Wisconsin Supreme Court Declines to Hear Skechers Case, Upholds Ruling on Tax Avoidance Scheme

The Wisconsin Supreme Court recently chose not to review an appellate decision involving Skechers USA’s complex tax-related maneuvers. This decision leaves standing a previous ruling that criticized the company for forming a subsidiary allegedly designed solely to produce tax deductions. By exploiting these arrangements, Skechers claimed deductions totaling nearly half a billion dollars in Wisconsin.

This legal saga began when Skechers established a subsidiary and conducted transactions that were seen as lacking economic substance, serving primarily to circumvent state taxes. The appellate court had ruled against Skechers, highlighting that the setup’s primary motivation was tax avoidance. This conclusion aligns with a growing judicial intolerance towards schemes perceived as artificial tax dodges.
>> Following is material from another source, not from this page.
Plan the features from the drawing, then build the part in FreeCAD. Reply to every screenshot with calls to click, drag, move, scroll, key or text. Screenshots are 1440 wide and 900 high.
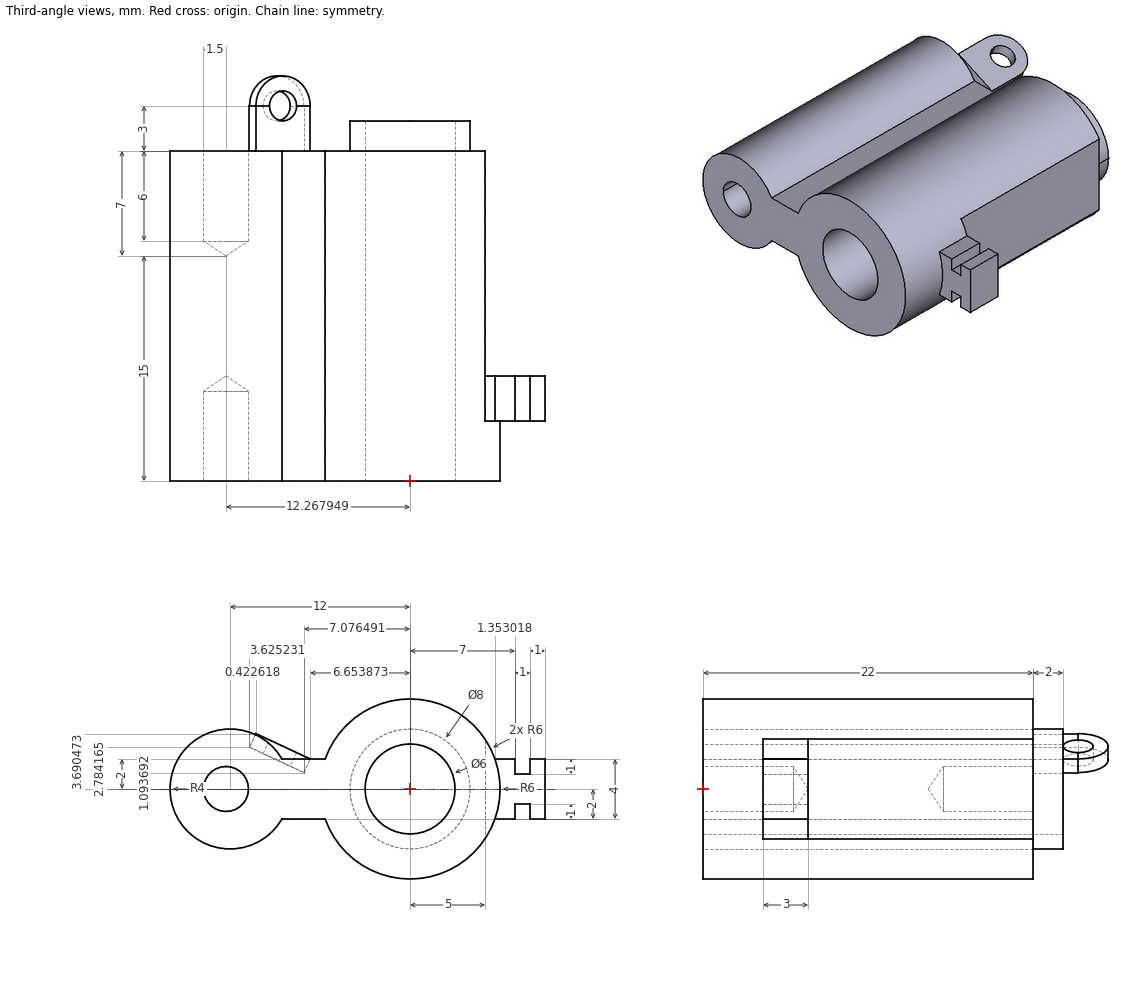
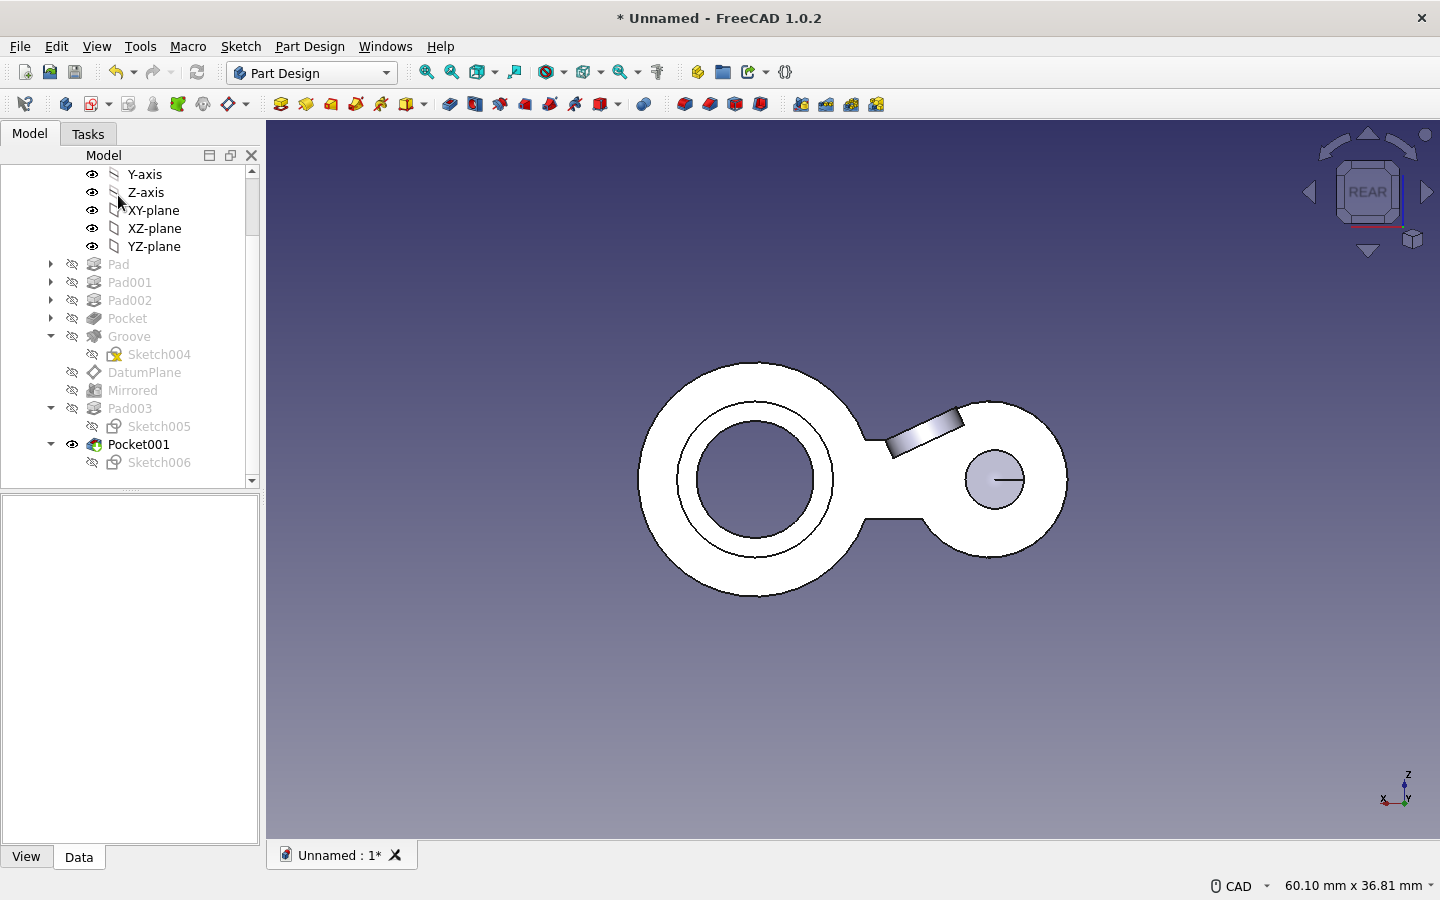
click(427, 72)

Skechers’ appeal to the state’s highest court raised questions about the boundaries of corporate tax planning. The refusal by the justices to hear the case echoes a broader trend where courts closely scrutinize the substance of corporate transactions to ensure genuine economic activity. More information about this case can be found on Law360.

The broader implications of this decision are significant for corporate tax practices. Professionals in the legal realm will likely observe this case closely, as it underscores the judiciary’s role in delineating the limits of legitimate tax planning versus avoidance. Such rulings may prompt corporations to reevaluate their strategies to ensure compliance with both the letter and spirit of tax laws, potentially influencing future corporate tax structures across the United States.